» DATA FOR ANALYSIS
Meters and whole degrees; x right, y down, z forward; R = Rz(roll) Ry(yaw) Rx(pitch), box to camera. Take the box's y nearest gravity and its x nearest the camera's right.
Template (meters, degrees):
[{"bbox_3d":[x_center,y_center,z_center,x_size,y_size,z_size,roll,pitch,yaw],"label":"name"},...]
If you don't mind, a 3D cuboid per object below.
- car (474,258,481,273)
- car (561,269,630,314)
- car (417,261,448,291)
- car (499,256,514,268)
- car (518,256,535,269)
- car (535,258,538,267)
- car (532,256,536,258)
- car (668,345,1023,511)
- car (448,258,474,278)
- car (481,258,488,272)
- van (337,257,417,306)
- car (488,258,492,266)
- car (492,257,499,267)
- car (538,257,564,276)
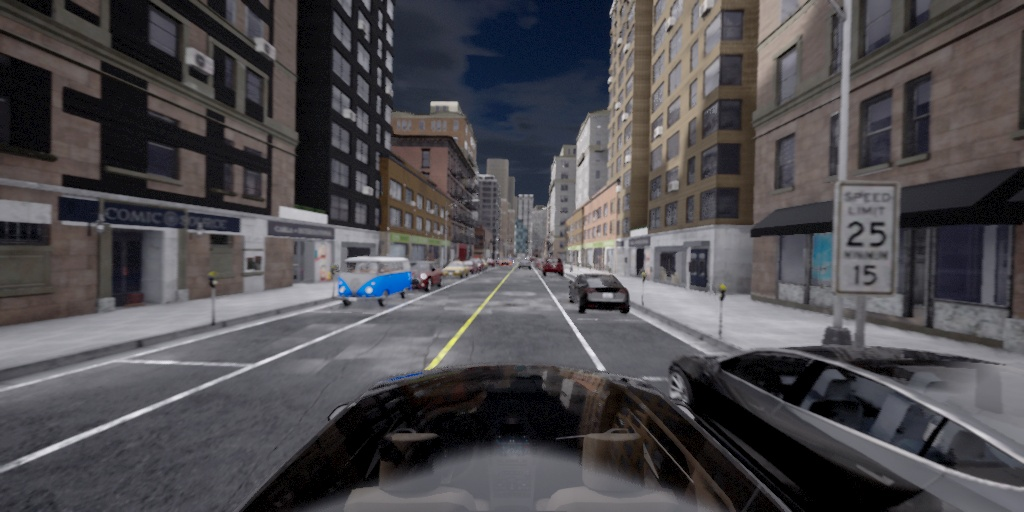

» EXERCISE GOAL
Images stay out; everything else in the records must be given again exactly.

» ANSWER BOX
Meters and whole degrees; x right, y down, z forward; R = Rz(roll) Ry(yaw) Rx(pitch), box to camera. Take the box's y nearest gravity and its x nearest the camera's right.
Template (meters, degrees):
[{"bbox_3d":[x_center,y_center,z_center,x_size,y_size,z_size,roll,pitch,yaw],"label":"name"},...]
If you don't mind, a 3D cuboid per object below.
- car (474,258,481,273)
- car (561,269,630,314)
- car (417,261,448,291)
- car (499,256,514,268)
- car (518,256,535,269)
- car (535,258,538,267)
- car (532,256,536,258)
- car (668,345,1023,511)
- car (448,258,474,278)
- car (481,258,488,272)
- van (337,257,417,306)
- car (488,258,492,266)
- car (492,257,499,267)
- car (538,257,564,276)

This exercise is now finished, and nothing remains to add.